Kein Streusalz auf Gehwegen und Privatflächen zum Schutz der Umwelt und der Tiere

Obwohl die Anwendung von Streusalz zunächst bequem und effektiv zu sein scheint, sind die negativen Begleiterscheinungen doch erheblich.

Streusalz schadet Bäumen und Sträuchern, verätzt rissige Pfoten von Tieren, belastet Bäche, Flüsse, das Grundwasser und somit auch das Trinkwasser. Jeder schützt die Umwelt, wenn er statt Streusalz auf den Privat- und Firmengrundstücken den Schnee räumt und statt Salz mit Sand, Splitt oder Blähton streut.

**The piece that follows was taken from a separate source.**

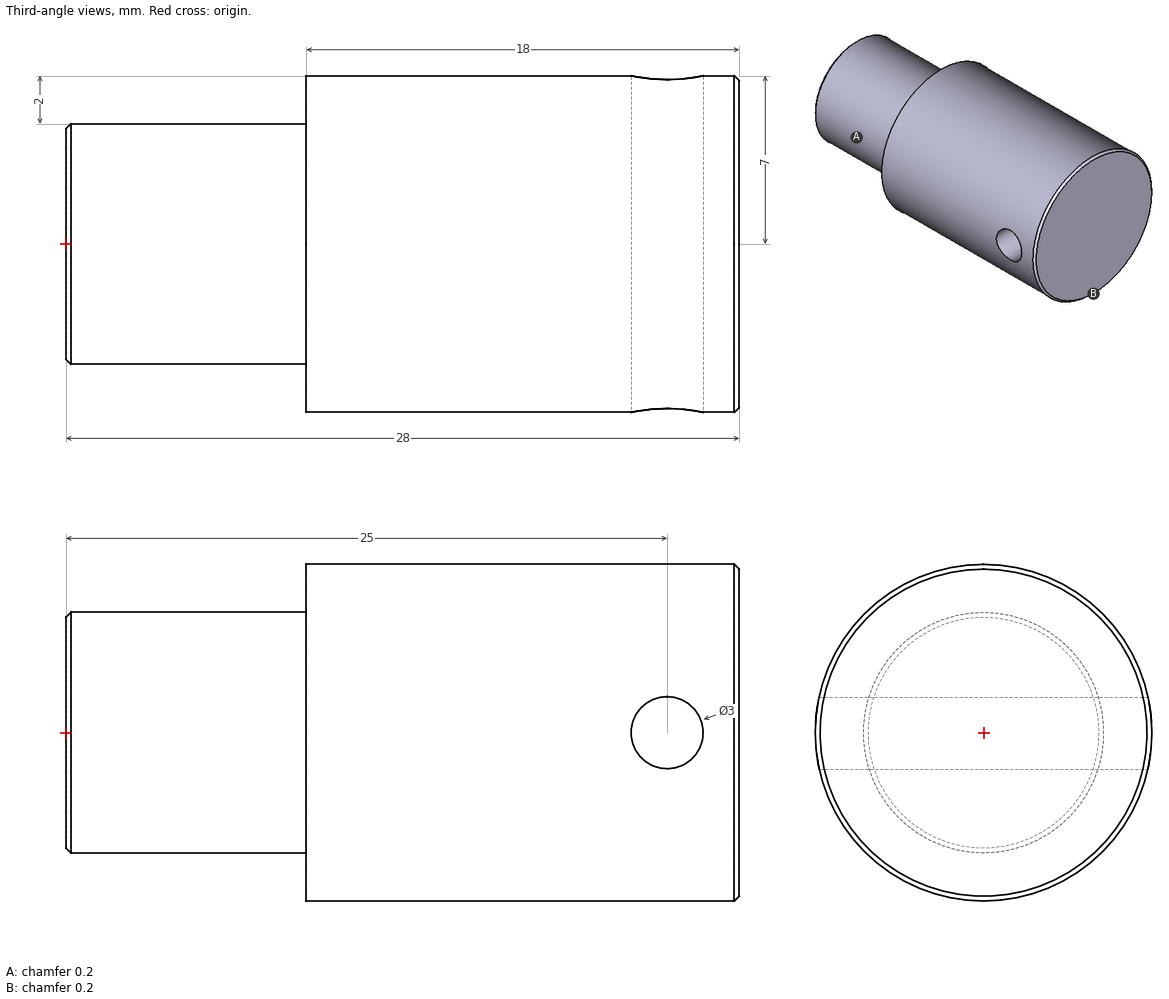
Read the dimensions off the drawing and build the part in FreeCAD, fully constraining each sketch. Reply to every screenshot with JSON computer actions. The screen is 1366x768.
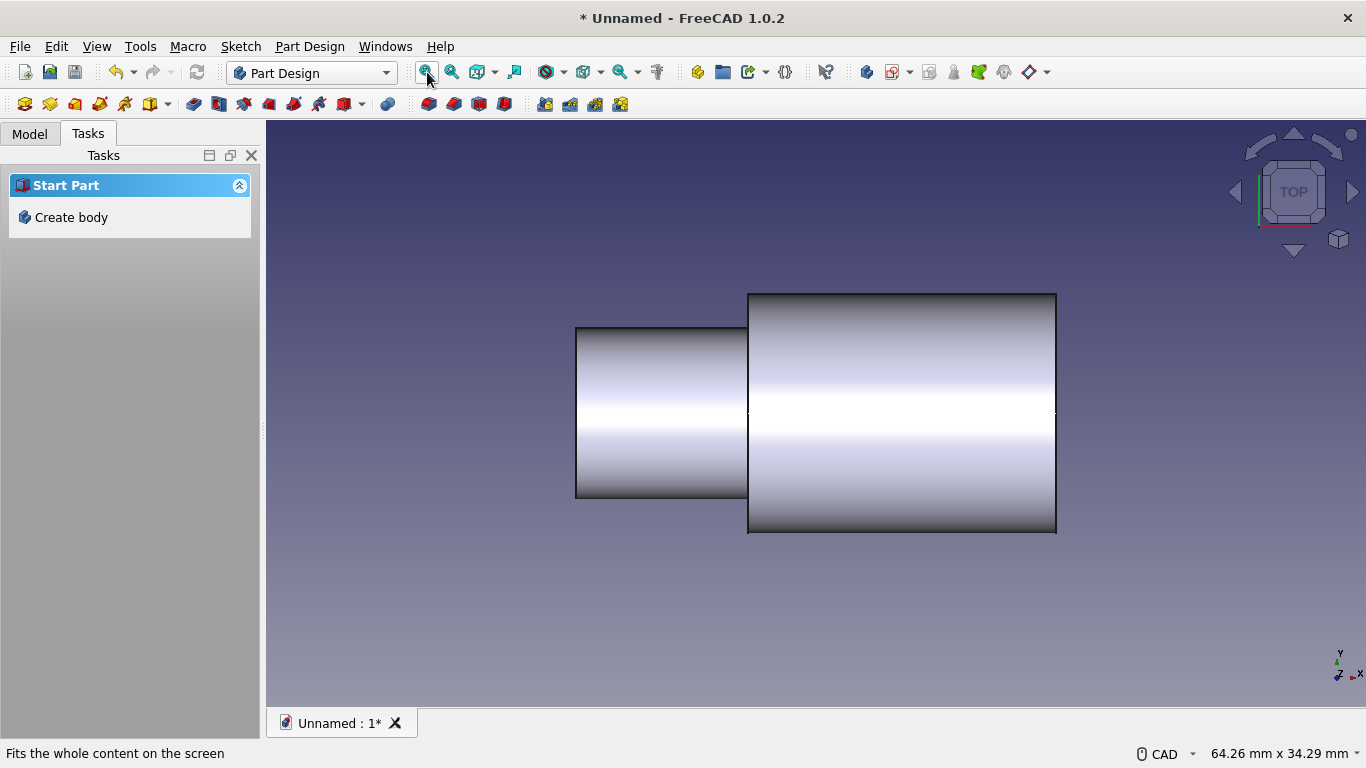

Das Salz schadet den Bäumen und Sträuchern. Dieses dringt mit dem Schmelzwasser in den Boden ein und erreicht die Wurzeln. Hohe Salzkonzentrationen führen im Boden zu einer Auswaschung der Pflanzennährstoffe, zu einer Veränderung der Bodenstruktur und sie erschweren die Wasseraufnahme durch Baumwurzeln. Wird das Salz von den Pflanzen aufgenommen, wirkt es dort wie ein Gift. Das Salz wird in den Blättern abgelagert, sodass es schon im Sommer zu Blattverfärbungen kommt. Die Blätter sterben vom Rand her fortschreitend ab, viele Zweige verlieren ihr Laub. Betroffene Gehölze sind durch ihr stark geschädigtes Erscheinungsbild – bräunliche Blattränder und gekräuseltes Blatt (Blattrandnekrosen) – zu erkennen. Die Salzkonzentration im Boden und im Baum steigt von Jahr zu Jahr, der Baum stirbt langsam ab. Dies führt dazu, dass viele Bäume im Stadtgebiet bereits entfernt werden mussten und weitere nicht zu retten sind.